На следующий день мне опять не удалось задать Ивану свой вопрос. Едва завидя меня на палубе, он

куда-то скрылся. Днем я застал его в салоне-буфете. Он сидел в стороне от других обедающих за отдельным

столиком, склонившись над меню. Я подсел к нему и сказал: “Здравствуйте”. Он кивнул, не отрываясь, однако,

от чтения, хотя меню было совсем коротким. Я подождал немного, обдумывая свой вопрос, а он все читал,

готовясь заказать себе обед. Выбрав наконец нужное блюдо, он подвинул карточку ко мне и достал папиросу.

Курить в салоне, кажется, не полагалось. Тем не менее он сунул папиросу в рот и полез за спичками. Не найдя

их в одном кармане, полез в другой. Потом встал, похлопывая ладонями по всем карманам, и быстро вышел из

салона, проворчав с досадой: “Вот черт, спички забыл”.

Я мог бы сказать ему, где его спички. Они находились у него в левом кармане пиджака. Оттуда они

отозвались, когда он хлопал себя по карманам. Я мог бы даже предложить ему свои спички, но не успел. Он

вышел слишком быстро, И пока я обедал, он в салоне больше не появлялся.

Позднее я увидел его снаружи. Он шел неторопливо по круговой палубе, заложив руки за спину и глядя

себе под ноги. Заметив меня, он ускорил шаг, убрав из-за спины руки и подняв голову. Но я тоже ускорил шаг,

чтобы догнать его и еще раз повторить свой вопрос, на который он пока что не дал ясного ответа. Стараясь не

упустить из виду его широкую спину в светло-сером пиджаке, я устремился вслед за ним, обгоняя идущих

впереди меня и обходя встречных.

И вдруг он остановился, резко обернувшись ко мне и засунув руки в карманы брюк. Свет ближайшей

лампочки плохо доставал до его худого темного лица, и я не увидел на нем губ – так плотно они были

сомкнуты. Зато в его глазах свет лампочки отразился, и они сверкнули навстречу мне такими злыми огнями, что

я раздумал задавать ему вопрос. Зачем стал бы я задавать ему вопрос и о чем? Никаких вопросов к нему у меня

не было. Все было ясно для меня без всяких вопросов. И я молча прошел мимо, отведя от него свой взгляд.

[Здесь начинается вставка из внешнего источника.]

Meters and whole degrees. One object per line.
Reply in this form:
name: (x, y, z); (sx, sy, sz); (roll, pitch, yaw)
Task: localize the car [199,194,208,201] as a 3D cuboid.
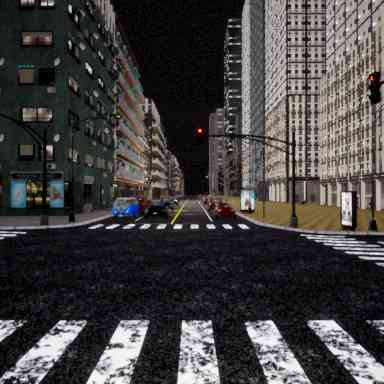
car: (2.838, 1.373, 83.695); (2.192, 1.841, 5.009); (0, 0, 0)

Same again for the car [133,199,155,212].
car: (-5.618, 1.560, 39.490); (1.887, 1.381, 4.507); (0, 0, 0)

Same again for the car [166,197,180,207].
car: (-2.993, 1.572, 53.426); (2.033, 1.411, 5.357); (0, 0, 0)

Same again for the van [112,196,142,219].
van: (-5.635, 1.351, 28.434); (1.690, 1.788, 3.998); (0, 0, 0)

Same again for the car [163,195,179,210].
car: (-3.034, 1.507, 39.478); (2.128, 1.511, 4.902); (0, 0, 0)

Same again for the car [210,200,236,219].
car: (2.744, 1.592, 28.419); (1.802, 1.307, 4.206); (0, 0, 0)

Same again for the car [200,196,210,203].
car: (2.818, 1.590, 72.640); (1.887, 1.381, 4.507); (0, 0, 0)

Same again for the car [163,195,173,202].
car: (-5.553, 1.492, 78.182); (1.967, 1.590, 4.097); (0, 0, 0)

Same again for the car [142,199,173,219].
car: (-3.051, 1.574, 29.455); (1.994, 1.385, 4.181); (0, 0, 0)

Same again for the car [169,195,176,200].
car: (-5.526, 1.639, 94.765); (1.947, 1.339, 4.313); (0, 0, 0)

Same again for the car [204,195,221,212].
car: (2.764, 1.456, 39.475); (1.967, 1.590, 4.097); (0, 0, 0)

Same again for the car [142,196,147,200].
car: (-5.626, 1.327, 33.962); (2.192, 1.841, 5.009); (0, 0, 0)

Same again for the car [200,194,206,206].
car: (2.791, 1.468, 56.057); (1.967, 1.590, 4.097); (0, 0, 0)

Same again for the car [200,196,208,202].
car: (2.827, 1.634, 78.167); (1.802, 1.307, 4.206); (0, 0, 0)

Не удалось мне также задать в этот день вопрос Варваре Зориной. А вопрос касался очень простой вещи:

скоро ли мы прибудем к месту и есть ли там железная дорога? Но я даже подойти к ней не сумел в этот день,

потому что на палубе она постоянно находилась в окружении своих подруг и друзей и мне уже не улыбалась,

даже не замечала меня. А когда пароход останавливался у какой-нибудь пристани, они всей ватагой выходили на

берег, не пытаясь пригласить меня. Так относятся здесь к человеку, который вздумает посочувствовать им в

беде. Что мне оставалось делать после этого? Я шел в свою каюту дочитывать историю России, чтобы понять

хотя бы из истории причину такого их поведения. Но история не давала этому разгадки.

А пароход продолжал скользить вниз по реке, по-прежнему огибая на своем пути невидимые мели. Река

становилась все шире. Зеленые леса на ее берегах постепенно редели и скоро совсем пропали. Вместо них

потянулись голые травянистые скаты, бурые от солнца. И только редкие селения на этих скатах удерживали при

себе зелень деревьев.

Так прошел пятнадцатый день моего отпуска. Что он мне принес? Ничего он мне хорошего не принес.

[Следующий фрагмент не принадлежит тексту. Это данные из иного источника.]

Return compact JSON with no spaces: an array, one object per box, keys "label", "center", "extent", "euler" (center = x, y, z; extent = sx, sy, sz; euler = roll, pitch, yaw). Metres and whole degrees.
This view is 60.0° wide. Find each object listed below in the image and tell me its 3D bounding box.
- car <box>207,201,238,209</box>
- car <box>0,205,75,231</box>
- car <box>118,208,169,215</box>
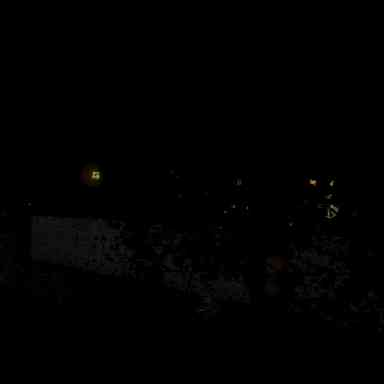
[{"label":"car","center":[3.358,1.656,36.643],"extent":[4.674,1.442,1.812],"euler":[1,2,-43]},{"label":"car","center":[-10.255,1.576,21.365],"extent":[2.033,1.411,5.357],"euler":[3,2,38]},{"label":"car","center":[-3.838,1.606,29.245],"extent":[2.033,1.411,5.357],"euler":[3,2,41]}]
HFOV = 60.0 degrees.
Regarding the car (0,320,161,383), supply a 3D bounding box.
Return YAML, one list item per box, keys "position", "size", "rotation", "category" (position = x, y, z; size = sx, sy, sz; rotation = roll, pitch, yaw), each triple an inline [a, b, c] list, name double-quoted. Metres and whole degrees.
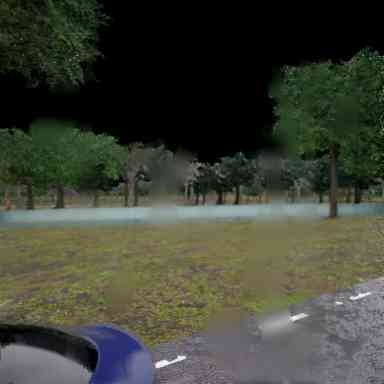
- position: [-2.256, 1.525, 1.459]
  size: [4.674, 1.442, 1.812]
  rotation: [0, 0, -35]
  category: "car"

Наоборот. Он отдалил меня еще больше от моей женщины и приблизил к тому страшному Ивану. А я не хотел

попадать к нему в лапы. Пускай бы к другому кому-нибудь обратил он злой блеск своих глаз. Но не было перед

ним другого. Один я был определен судьбой ему на расправу. И пароход неотвратимо нес меня к нему.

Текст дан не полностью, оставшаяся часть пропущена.